Beginning with the line containing "For every layout" and going on through the line containing "table_cell [717, 1203, 1119, 1385]", the lines below are to be returned exactly, pictures excluded and nothing added.

——

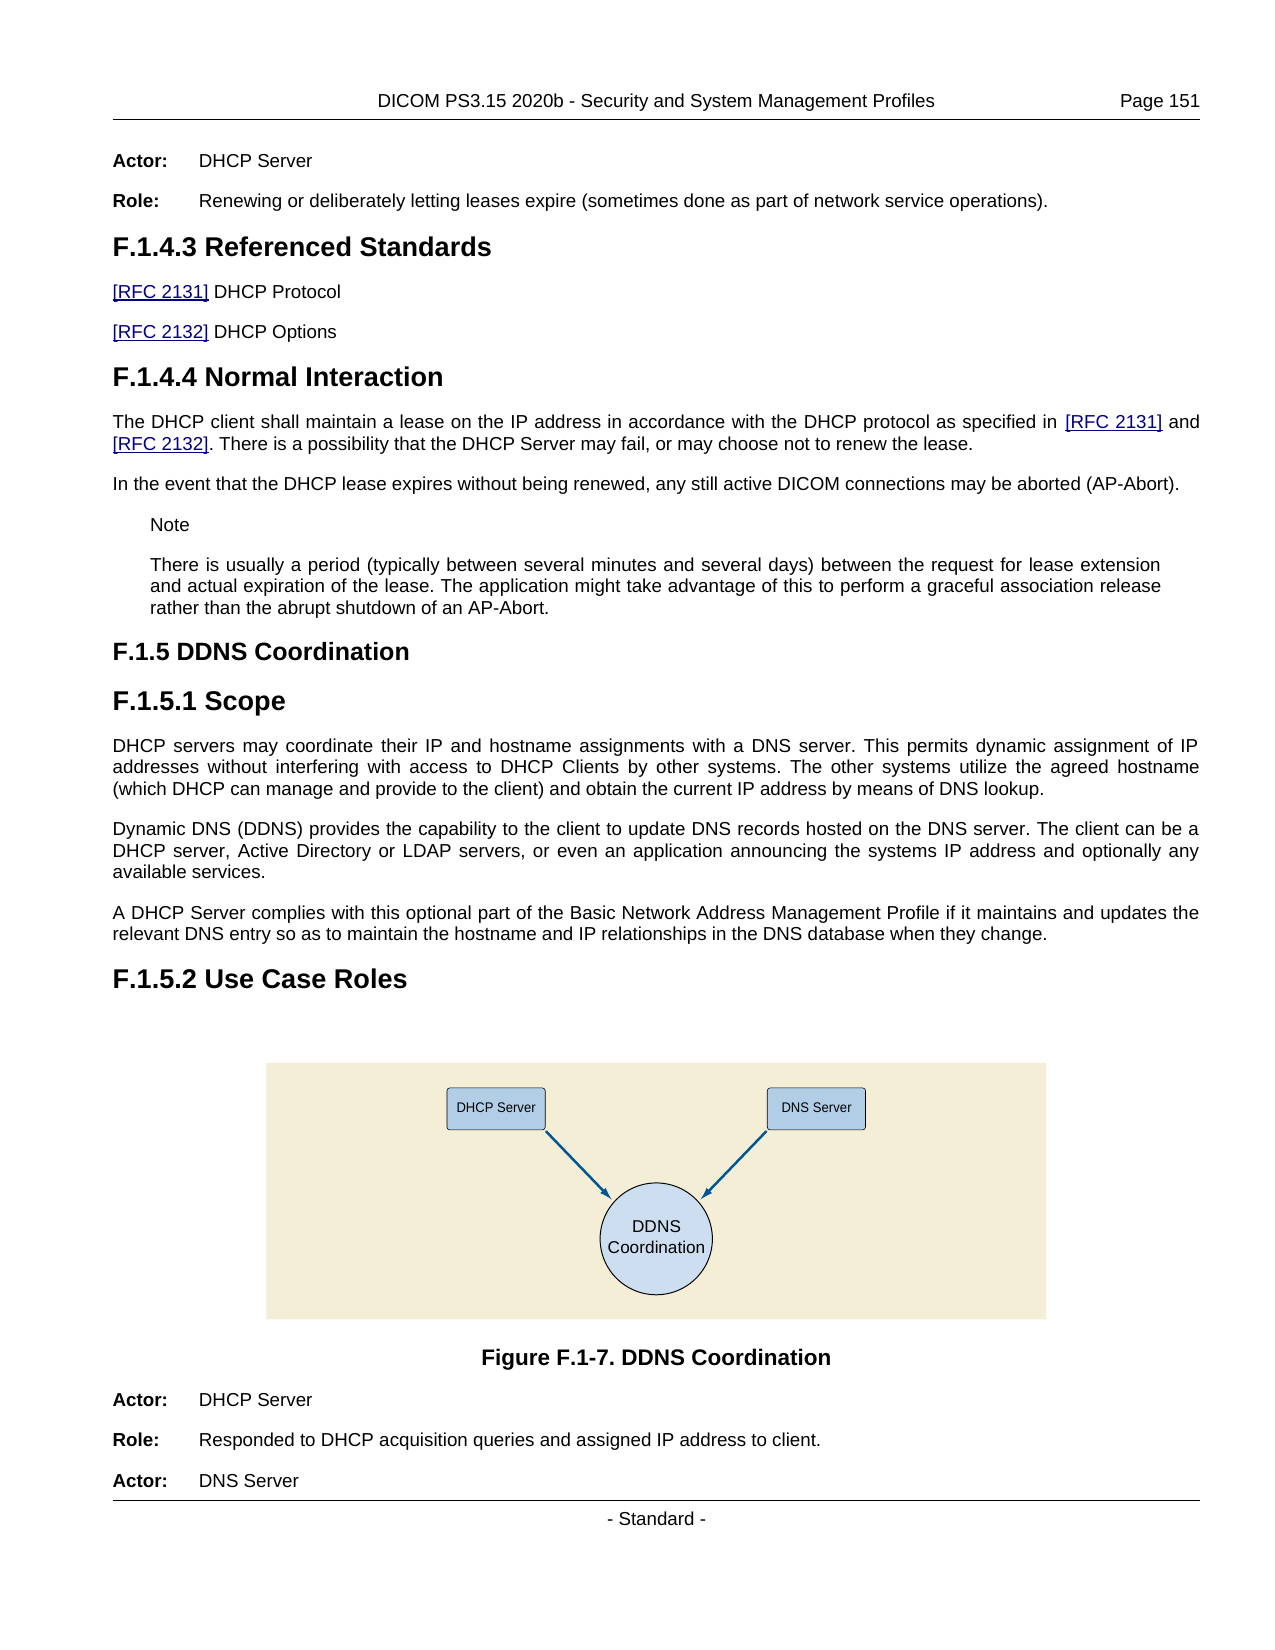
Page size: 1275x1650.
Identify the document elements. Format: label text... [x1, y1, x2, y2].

text Actor: DHCP Server [112, 1389, 1200, 1410]
text Figure F.1-7. DDNS Coordination [112, 1344, 1200, 1370]
text Role: Renewing or deliberately letting leases expire (sometimes done as part of network service operations). [112, 190, 1200, 212]
text There is usually a period (typically between several minutes and several days) between the request for lease extension and actual expiration of the lease. The application might take advantage of this to perform a graceful association release rather than the abrupt shutdown of an AP-Abort. [150, 554, 1162, 618]
text F.1.5 DDNS Coordination [112, 637, 1200, 666]
text Actor: DHCP Server [112, 150, 1200, 172]
text The DHCP client shall maintain a lease on the IP address in accordance with the DHCP protocol as specified in [RFC 2131] and [RFC 2132]. There is a possibility that the DHCP Server may fail, or may choose not to renew the lease. [112, 411, 1200, 454]
text Note [150, 513, 1162, 535]
text Role: Responded to DHCP acquisition queries and assigned IP address to client. [112, 1429, 1200, 1451]
text F.1.5.2 Use Case Roles [112, 963, 1200, 995]
text Dynamic DNS (DDNS) provides the capability to the client to update DNS records hosted on the DNS server. The client can be a DHCP server, Active Directory or LDAP servers, or even an application announcing the systems IP address and optionally any available services. [112, 818, 1200, 883]
text DHCP servers may coordinate their IP and hostname assignments with a DNS server. This permits dynamic assignment of IP addresses without interfering with access to DHCP Clients by other systems. The other systems utilize the agreed hostname (which DHCP can manage and provide to the client) and obtain the current IP address by means of DNS lookup. [112, 735, 1200, 799]
text [RFC 2132] DHCP Options [112, 321, 1200, 342]
text A DHCP Server complies with this optional part of the Basic Network Address Management Profile if it maintains and updates the relevant DNS entry so as to maintain the hostname and IP relationships in the DNS database when they change. [112, 902, 1200, 945]
text [RFC 2131] DHCP Protocol [112, 281, 1200, 302]
text F.1.4.3 Referenced Standards [112, 231, 1200, 262]
text Actor: DNS Server [112, 1469, 1200, 1491]
text In the event that the DHCP lease expires without being renewed, any still active DICOM connections may be aborted (AP-Abort). [112, 473, 1200, 495]
text F.1.5.1 Scope [112, 685, 1200, 716]
text F.1.4.4 Normal Interaction [112, 361, 1200, 392]
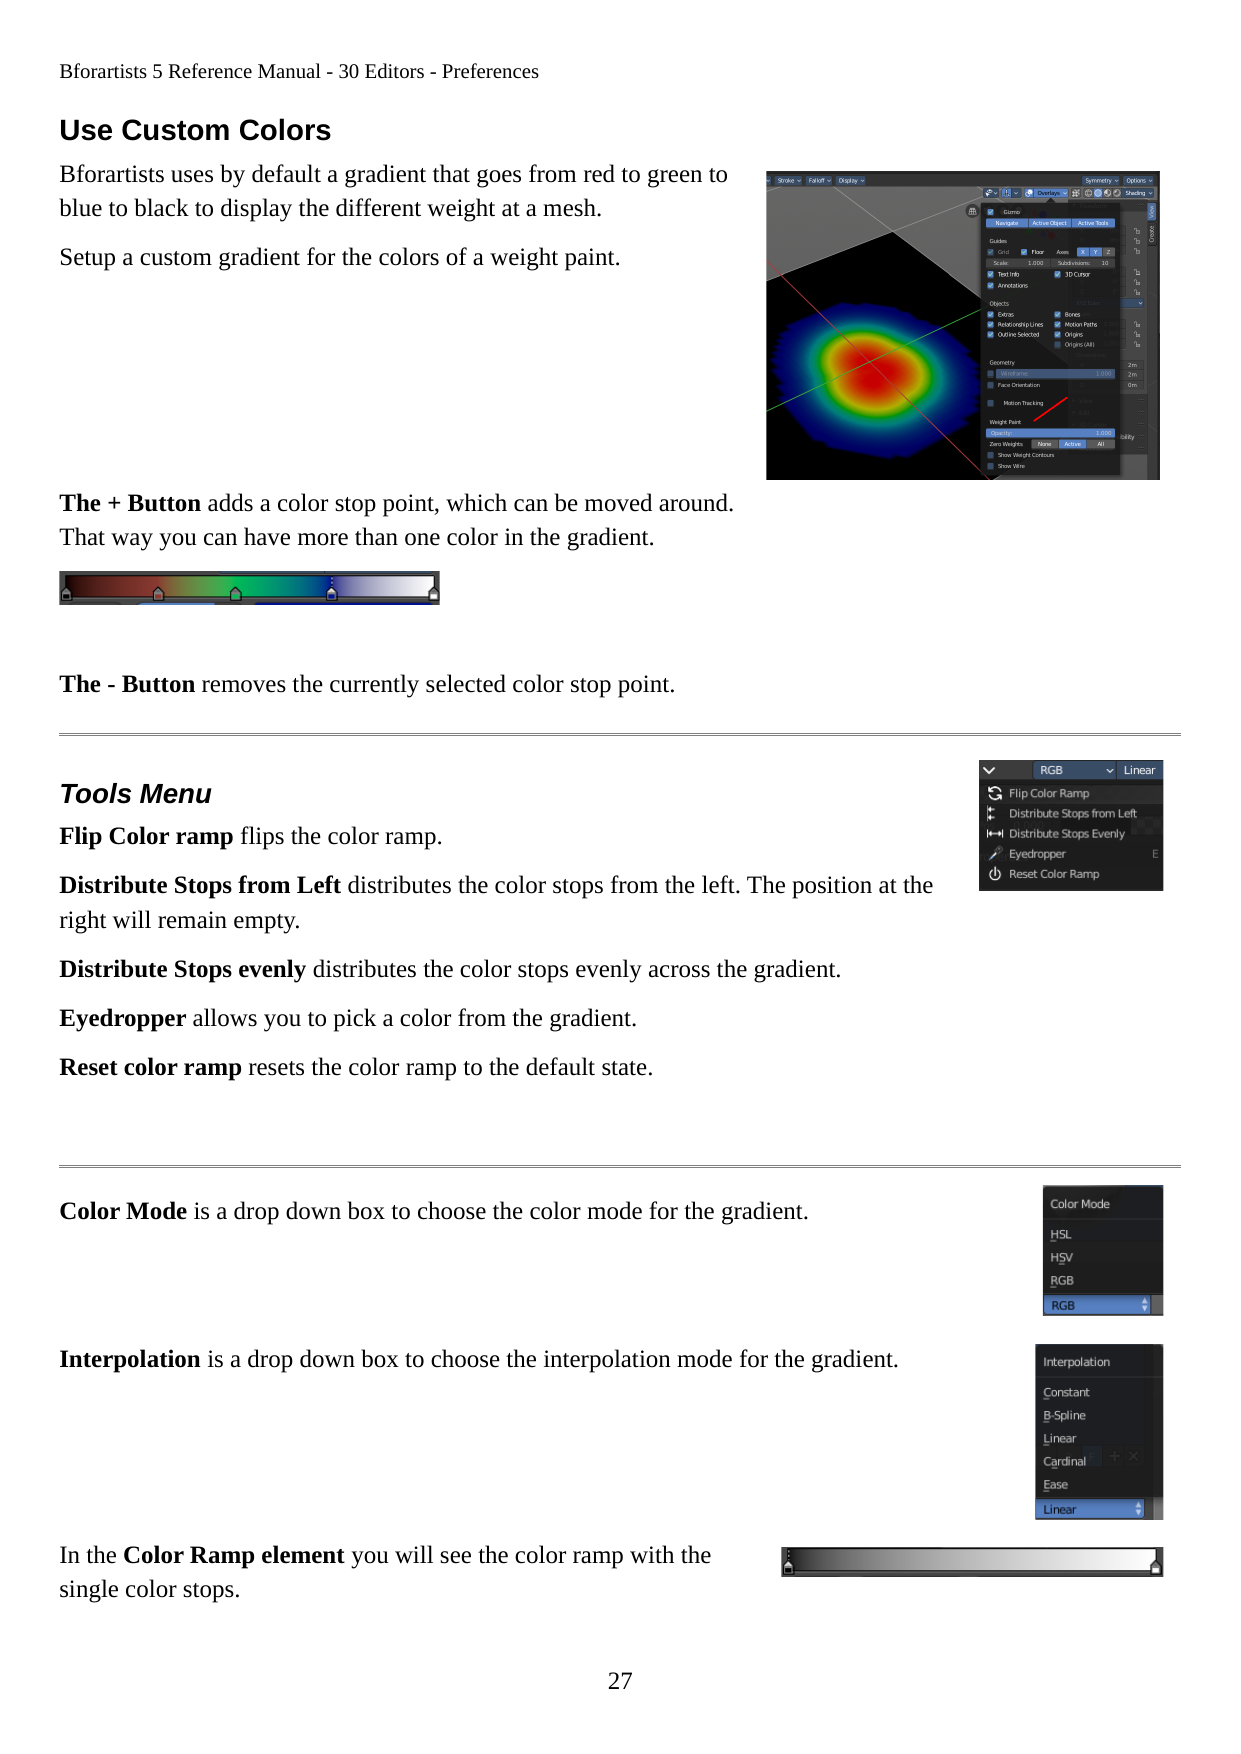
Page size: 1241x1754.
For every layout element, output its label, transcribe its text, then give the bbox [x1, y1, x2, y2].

text Distribute Stops evenly distributes the color stops evenly across the gradient. [59, 954, 1181, 983]
text Distribute Stops from Left distributes the color stops from the left. The position at the right will remain empty. [59, 871, 1181, 934]
text Setup a custom gradient for the colors of a weight paint. [59, 242, 766, 271]
text Color Mode is a drop down box to choose the color mode for the gradient. [59, 1196, 1042, 1225]
picture [1035, 1344, 1164, 1520]
text The - Button removes the currently selected color stop point. [59, 669, 1181, 698]
text Eyedropper allows you to pick a color from the gradient. [59, 1003, 1181, 1032]
text Interpolation is a drop down box to choose the interpolation mode for the gradient. [59, 1344, 1035, 1372]
picture [781, 1547, 1164, 1577]
text The + Button adds a color stop point, which can be moved around. That way you can have more than one color in the gradient. [59, 488, 1181, 551]
picture [59, 571, 440, 605]
text Bforartists uses by default a gradient that goes from red to green to blue to black to display the different weight at a mesh. [59, 159, 1181, 222]
subtitle Use Custom Colors [59, 113, 1181, 146]
text Flip Color ramp flips the color ramp. [59, 821, 979, 850]
picture [766, 171, 1160, 480]
picture [1042, 1185, 1164, 1316]
subtitle Tools Menu [59, 777, 979, 809]
text Reset color ramp resets the color ramp to the default state. [59, 1052, 1181, 1081]
text In the Color Ramp element you will see the color ramp with the single color stops. [59, 1540, 1181, 1603]
subtitle [1164, 777, 1181, 809]
picture [979, 760, 1164, 891]
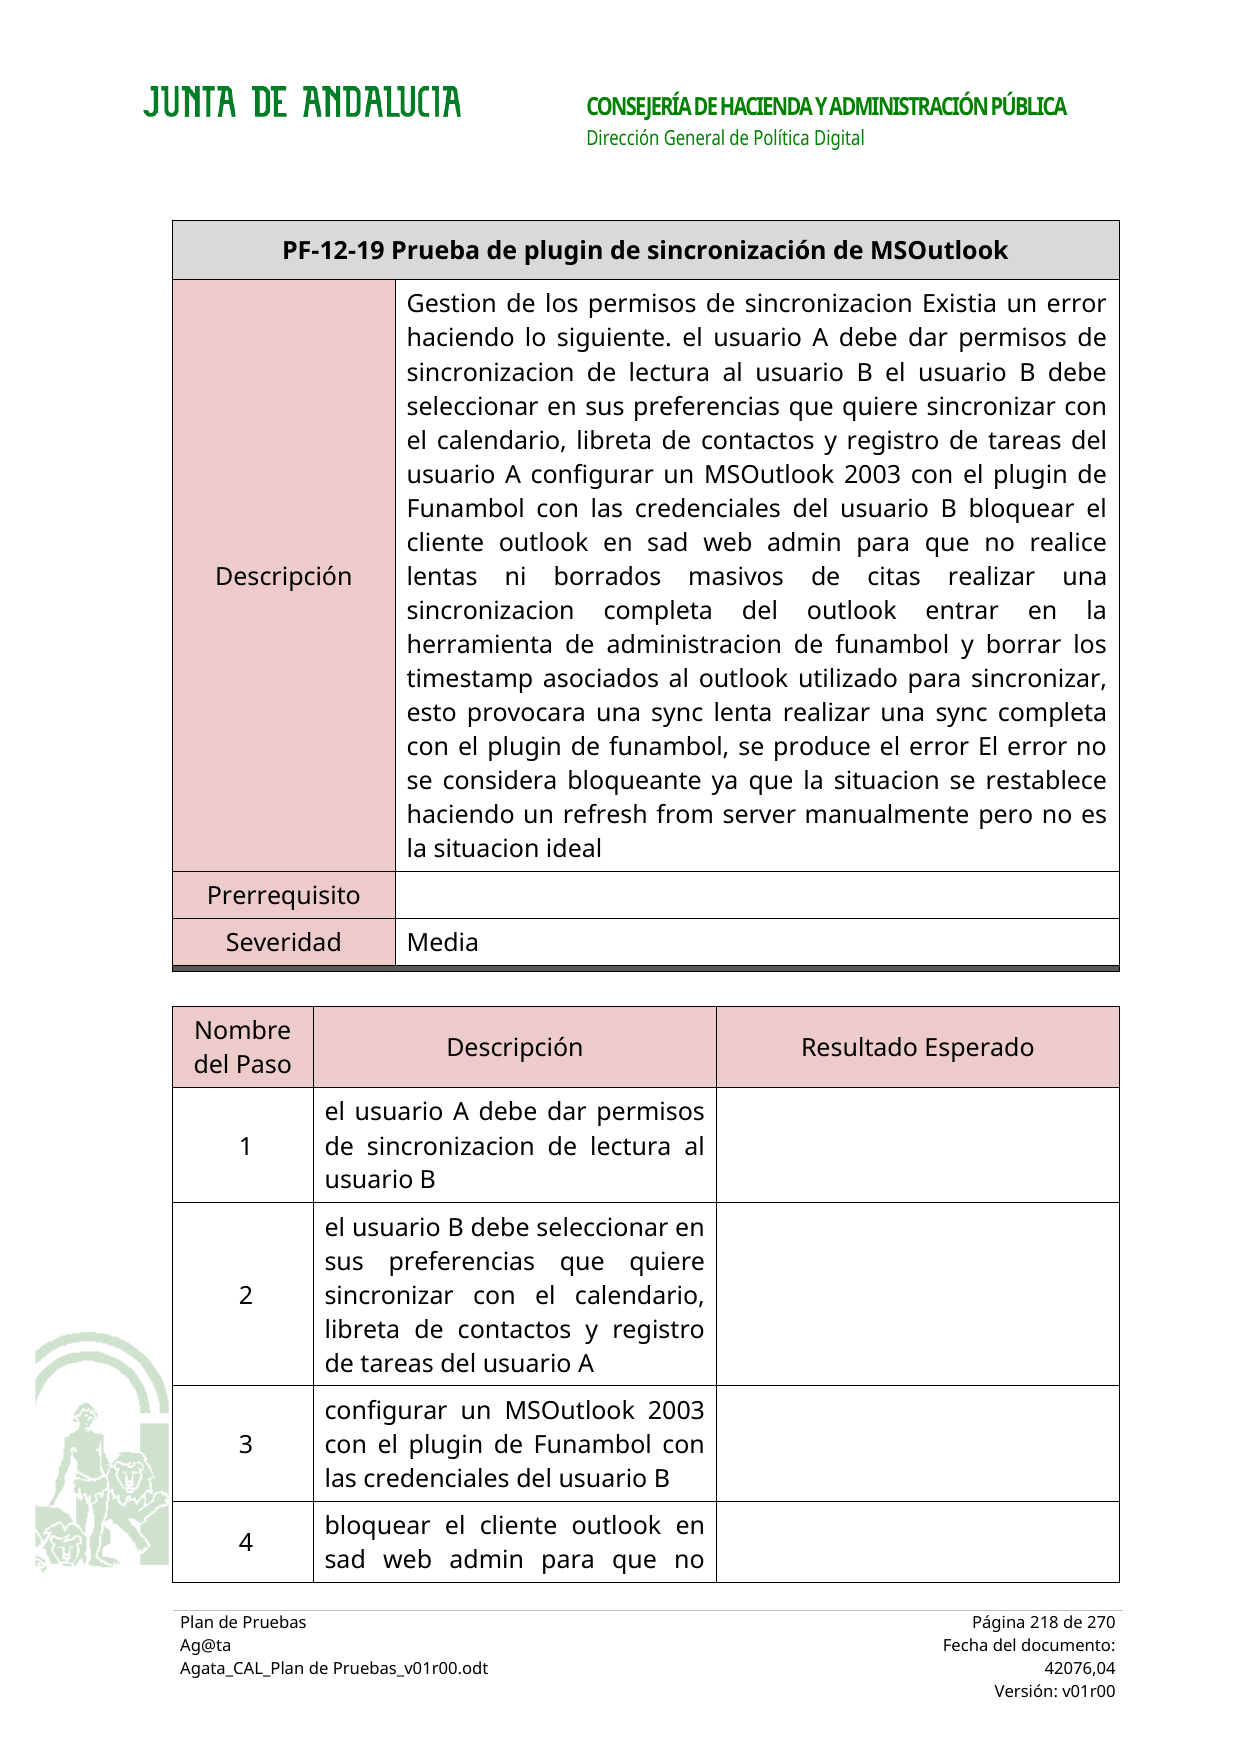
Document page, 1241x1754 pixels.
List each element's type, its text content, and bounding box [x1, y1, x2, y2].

table_cell [717, 1386, 1119, 1501]
table_cell [396, 872, 1119, 918]
table_cell [717, 1088, 1119, 1202]
table_cell el usuario A debe dar permisos de sincronizacion de lectura al usuario B [314, 1088, 716, 1202]
table_header Descripción [314, 1007, 716, 1087]
table_cell [173, 966, 1119, 971]
table_cell [717, 1203, 1119, 1385]
table_cell Prerrequisito [173, 872, 395, 918]
table_cell configurar un MSOutlook 2003 con el plugin de Funambol con las credenciales del usuario B [314, 1386, 716, 1501]
table_cell 1 [173, 1088, 313, 1202]
table_cell el usuario B debe seleccionar en sus preferencias que quiere sincronizar con el calendario, libreta de contactos y registro de tareas del usuario A [314, 1203, 716, 1385]
table_cell Severidad [173, 919, 395, 965]
table_header PF-12-19 Prueba de plugin de sincronización de MSOutlook [173, 221, 1119, 279]
table_cell 3 [173, 1386, 313, 1501]
table_cell 4 [173, 1502, 313, 1582]
table_header Nombre del Paso [173, 1007, 313, 1087]
table_cell Gestion de los permisos de sincronizacion Existia un error haciendo lo siguiente. el usuario A debe dar permisos de sincronizacion de lectura al usuario B el usuario B debe seleccionar en sus preferencias que quiere sincronizar con el calendario, libreta de contactos y registro de tareas del usuario A configurar un MSOutlook 2003 con el plugin de Funambol con las credenciales del usuario B bloquear el cliente outlook en sad web admin para que no realice lentas ni borrados masivos de citas realizar una sincronizacion completa del outlook entrar en la herramienta de administracion de funambol y borrar los timestamp asociados al outlook utilizado para sincronizar, esto provocara una sync lenta realizar una sync completa con el plugin de funambol, se produce el error El error no se considera bloqueante ya que la situacion se restablece haciendo un refresh from server manualmente pero no es la situacion ideal [396, 280, 1119, 871]
table_cell Media [396, 919, 1119, 965]
table_cell [717, 1502, 1119, 1582]
table_cell Descripción [173, 280, 395, 871]
table_header Resultado Esperado [717, 1007, 1119, 1087]
table_cell 2 [173, 1203, 313, 1385]
table_cell bloquear el cliente outlook en sad web admin para que no [314, 1502, 716, 1582]
picture [143, 86, 461, 117]

——

* [Response to the task]:
For every layout element, output its label, transcribe its text, then give the bbox [x1, y1, x2, y2].

text Distribute Stops evenly distributes the color stops evenly across the gradient. [59, 954, 1181, 983]
text Distribute Stops from Left distributes the color stops from the left. The position at the right will remain empty. [59, 871, 1181, 934]
text Setup a custom gradient for the colors of a weight paint. [59, 242, 766, 271]
text Color Mode is a drop down box to choose the color mode for the gradient. [59, 1196, 1042, 1225]
picture [1035, 1344, 1164, 1520]
text The - Button removes the currently selected color stop point. [59, 669, 1181, 698]
text Eyedropper allows you to pick a color from the gradient. [59, 1003, 1181, 1032]
text Interpolation is a drop down box to choose the interpolation mode for the gradient. [59, 1344, 1035, 1372]
picture [781, 1547, 1164, 1577]
text The + Button adds a color stop point, which can be moved around. That way you can have more than one color in the gradient. [59, 488, 1181, 551]
picture [59, 571, 440, 605]
text Bforartists uses by default a gradient that goes from red to green to blue to black to display the different weight at a mesh. [59, 159, 1181, 222]
subtitle Use Custom Colors [59, 113, 1181, 146]
text Flip Color ramp flips the color ramp. [59, 821, 979, 850]
picture [766, 171, 1160, 480]
picture [1042, 1185, 1164, 1316]
subtitle Tools Menu [59, 777, 979, 809]
text Reset color ramp resets the color ramp to the default state. [59, 1052, 1181, 1081]
text In the Color Ramp element you will see the color ramp with the single color stops. [59, 1540, 1181, 1603]
subtitle [1164, 777, 1181, 809]
picture [979, 760, 1164, 891]
Document page, 1241x1754 pixels.
List each element's type, its text content, and bounding box [x1, y1, x2, y2].

table_cell [717, 1386, 1119, 1501]
table_cell [396, 872, 1119, 918]
table_cell [717, 1088, 1119, 1202]
table_cell el usuario A debe dar permisos de sincronizacion de lectura al usuario B [314, 1088, 716, 1202]
table_header Descripción [314, 1007, 716, 1087]
table_cell [173, 966, 1119, 971]
table_cell [717, 1203, 1119, 1385]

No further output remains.